*** Opening Raw data ***

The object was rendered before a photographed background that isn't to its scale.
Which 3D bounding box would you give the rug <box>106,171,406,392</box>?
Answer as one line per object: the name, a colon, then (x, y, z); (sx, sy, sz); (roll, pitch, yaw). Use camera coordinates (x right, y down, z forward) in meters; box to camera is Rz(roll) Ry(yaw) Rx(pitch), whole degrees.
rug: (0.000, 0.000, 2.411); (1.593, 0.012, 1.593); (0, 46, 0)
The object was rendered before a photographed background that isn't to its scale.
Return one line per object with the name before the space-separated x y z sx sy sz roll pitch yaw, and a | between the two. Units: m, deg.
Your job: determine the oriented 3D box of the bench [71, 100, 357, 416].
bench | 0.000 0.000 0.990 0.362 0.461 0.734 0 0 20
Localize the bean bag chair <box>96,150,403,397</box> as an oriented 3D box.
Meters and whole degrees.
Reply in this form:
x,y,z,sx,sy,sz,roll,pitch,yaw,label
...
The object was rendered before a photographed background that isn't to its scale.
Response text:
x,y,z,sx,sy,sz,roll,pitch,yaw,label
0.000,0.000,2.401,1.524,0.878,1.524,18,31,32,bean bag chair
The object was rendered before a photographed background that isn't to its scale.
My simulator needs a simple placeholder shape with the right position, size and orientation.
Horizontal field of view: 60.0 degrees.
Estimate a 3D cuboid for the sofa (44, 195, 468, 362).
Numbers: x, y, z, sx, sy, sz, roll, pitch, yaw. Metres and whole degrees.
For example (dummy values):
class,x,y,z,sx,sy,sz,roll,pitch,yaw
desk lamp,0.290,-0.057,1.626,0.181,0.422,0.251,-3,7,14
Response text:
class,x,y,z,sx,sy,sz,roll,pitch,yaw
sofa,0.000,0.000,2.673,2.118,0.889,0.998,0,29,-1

*** Closing Raw data ***

--- What to produce ---
Transcribe the line that contains "Numbers: x, y, z, sx, sy, sz, roll, pitch, yaw." exactly, then each line after it through the end of the material. Nothing else belongs in the output.

--- Task solution ---
Numbers: x, y, z, sx, sy, sz, roll, pitch, yaw. Metres and whole degrees.
For example (dummy values):
class,x,y,z,sx,sy,sz,roll,pitch,yaw
desk lamp,0.290,-0.057,1.626,0.181,0.422,0.251,-3,7,14
Response text:
class,x,y,z,sx,sy,sz,roll,pitch,yaw
sofa,0.000,0.000,2.673,2.118,0.889,0.998,0,29,-1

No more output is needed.